In the 1800s most gunmakers were buying barrels and locks and apprentices were doing the grunt work one might be inletting locks another would be sawing out the blank or inletting the barrel in the roughed out stock.
Gunmakers in the 1760s and 1770s were also using imported locks from England and Germany and buying barrel blanks according to the records in the Moravian archives for Bethlehem and Christian's Spring gun shops. See Robert Lienemann's two books on Moravian Gunmaking.
Conversely, Charles E. Hanson, Jr. documented in
The Hawken Rifle: Its Place in History that the Hawken brothers were making some of their own barrels and locks in the 1830s and 1840s.
The question is as appropriate for the early 1800s as it is for the late Colonial period and the answer would be about the same.
I agree that most gunmakers had an apprentice or two and some of the larger shops had one to several journeymen working for them, but if you add up each of their time spent on each part of the gun, you get about the same answer as a single gunmaker doing it all.

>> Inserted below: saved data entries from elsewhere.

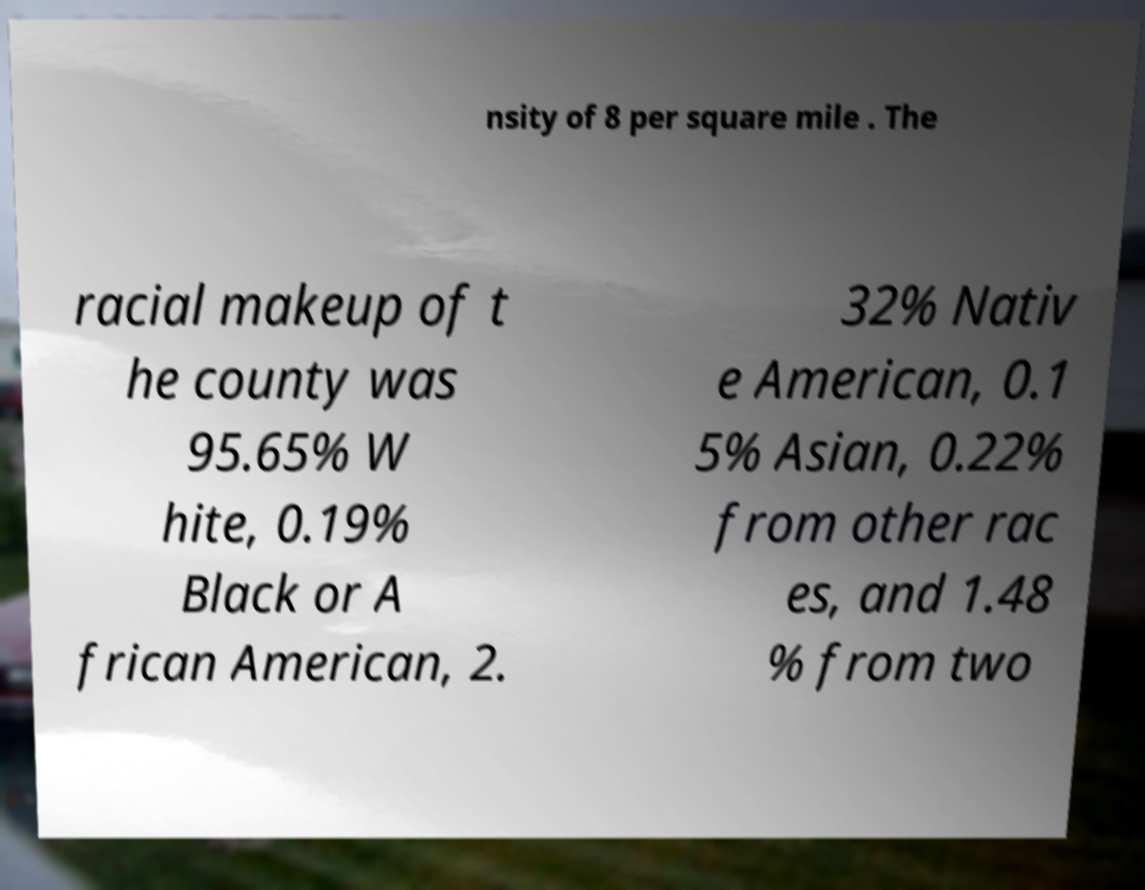Can you read and provide the text displayed in the image?This photo seems to have some interesting text. Can you extract and type it out for me? nsity of 8 per square mile . The racial makeup of t he county was 95.65% W hite, 0.19% Black or A frican American, 2. 32% Nativ e American, 0.1 5% Asian, 0.22% from other rac es, and 1.48 % from two 
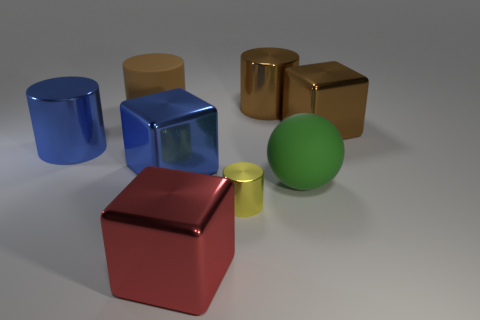Is there any other thing that has the same size as the yellow cylinder?
Keep it short and to the point. No. There is a blue metal object left of the block to the left of the red thing; what is its shape?
Provide a succinct answer. Cylinder. Do the metal cube that is in front of the blue metal block and the rubber ball have the same size?
Your answer should be compact. Yes. How big is the object that is both to the left of the small yellow object and behind the large blue cylinder?
Provide a short and direct response. Large. What number of red things have the same size as the blue cylinder?
Your answer should be compact. 1. There is a rubber thing that is in front of the big brown cube; what number of large brown objects are to the left of it?
Your response must be concise. 2. Is the color of the big block to the right of the big green thing the same as the rubber cylinder?
Your answer should be very brief. Yes. There is a shiny cube that is behind the big metallic cylinder that is left of the tiny yellow shiny object; are there any big cylinders that are behind it?
Offer a very short reply. Yes. There is a object that is both in front of the large blue cylinder and on the left side of the large red object; what shape is it?
Provide a succinct answer. Cube. Is there another cylinder of the same color as the big rubber cylinder?
Provide a short and direct response. Yes. 
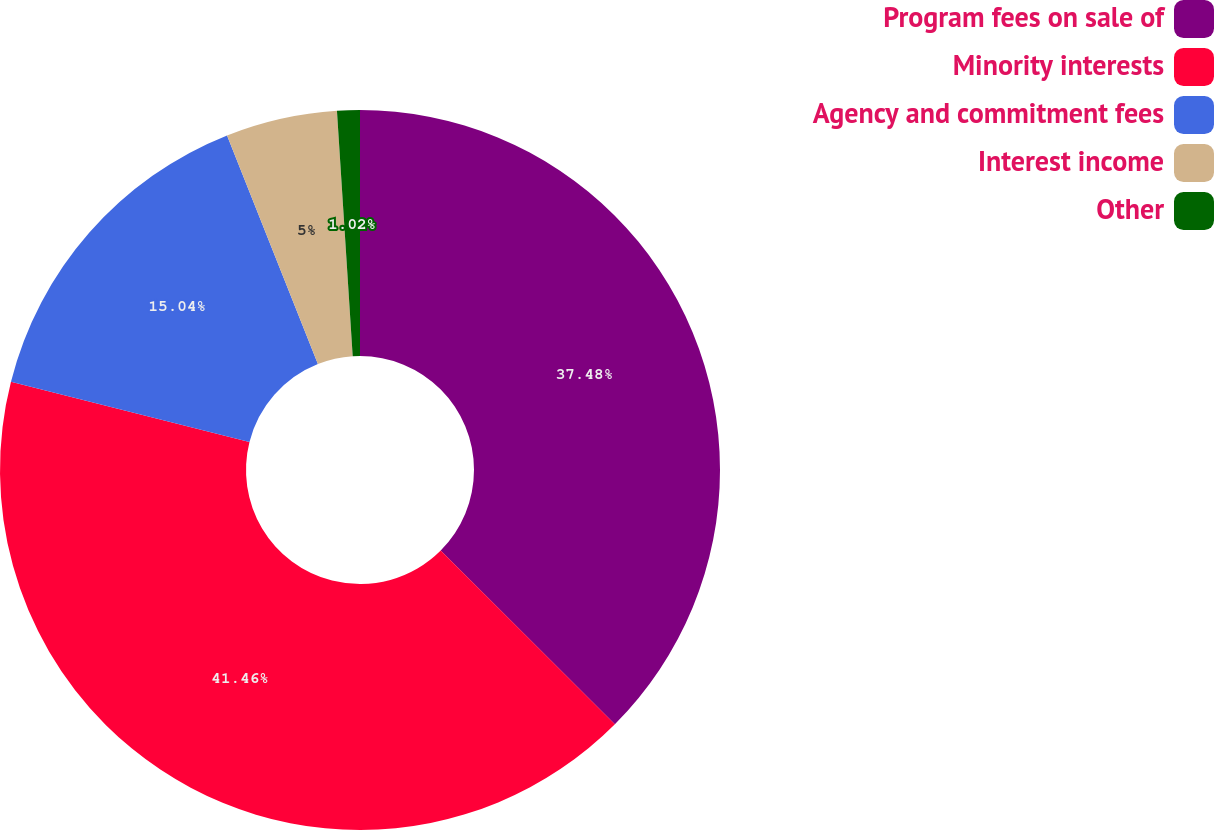Convert chart to OTSL. <chart><loc_0><loc_0><loc_500><loc_500><pie_chart><fcel>Program fees on sale of<fcel>Minority interests<fcel>Agency and commitment fees<fcel>Interest income<fcel>Other<nl><fcel>37.48%<fcel>41.46%<fcel>15.04%<fcel>5.0%<fcel>1.02%<nl></chart>

I haven't read the article in the latest American Rifleman magazine about the Williamsburg gunsmiths, but I would go with their estimate to completely build a rifle from scratch.
On the other hand, Bob Lienemann had an interest in plain rifles and in his research on the Moravian gunmakers noted that they made rifles for different price points. He was curious as to how quickly an experience gunstocker like master gunmaker Jack Brooks could stock a plain unadorned rifle. After Jack built one, he commissioned several other noted gunmakers to do something similar. He wrote an article about it that was published in the summer 2017 issue of CLA’s A
merican Tradition magazine titled “3 Day Longrifles” – an example of a rifle built and finished in 3 days.
On another forum, Lienemann summarized Jack Brooks' efforts like this.
RP Lienemann-ALR Forum said:
So in spring 1995 I talked Jack into stocking a plain ca 1780 Lancaster style smooth rifle, where we would document the work and keep track of his time. Day one began with a maple plank, custom lock and barrel, sand cast mounts and brass and iron sheet. First morning the stock was cut to a pattern, breechplug fitted and tang shaped, and the barrel with plug inlet with gouge, chisel and scraper in 4-5 hours. Stock was trimmed, flipped and ramrod groove established, the ramrod hole drilled, barrel lugs installed and barrel pinned in place. Lock panels were established and the lock inlet as a unit without disassembly, lock bolts drilled and tapped, trigger plate made and inlet and the tang bolt installed. End of day one had the lock, stock and barrel together but no trigger - 10 hours work with lunch.
Day two – trigger made, inlet and pinned, layout lines with castoff, buttplate filed up and installed. Trigger guard casting filed up and installed, a sideplate sketched, cut, inlet and lock bolts finished. Ramrod pipes were formed, filed and inlet – forward pipes while stock in square, and entry pipe later when stock was shaped. Sling swivels made and stock shaping began with chisels, plane and rasps from square to final shape. Day two ended with the rifle mostly assembled and stock shaped from lock back – another 10 hour day.
Day three – shaped the forend, made and installed a two piece nosecap and ramrod entry pipe, front and rear sights made and installed. Touchhole was drilled and tapered, and barrel signed with maker’s name and year. Homemade Aquafortis applied and heated, then linseed oil rubbed on. A tapered ramrod of hickory was made with a reversible worm and iron tip pinned at breech end, stained and oiled. About midday on the 3rd day, the rifle was ready for the customer. We spent a bit of time boning the linseed oil into the stock and reviewing the project – photos of the project are included in the American Tradition article. Barrel and lock were left white as usual and the brass mounts burnished. A ca 1780’s Lancaster rifle from a blank and castings in two and a half days.
I'm borrowing a few of Lienemann's photos of the "3 day rifle" that Jack built.
Given an assembled lock, finished barrel, sand cast butt plate and trigger guard, brass sheet, and iron sheet and bar, it took roughly 25 hours to get to a finished rifle.
That leaves 375 hours to make the barrel (forge, file, ream, and rifle), make the lock (forge, file, mill, drill, tap and heat treat), and sand cast the brass hardware if all done by the gunsmith and apprentice like at Williamsburg.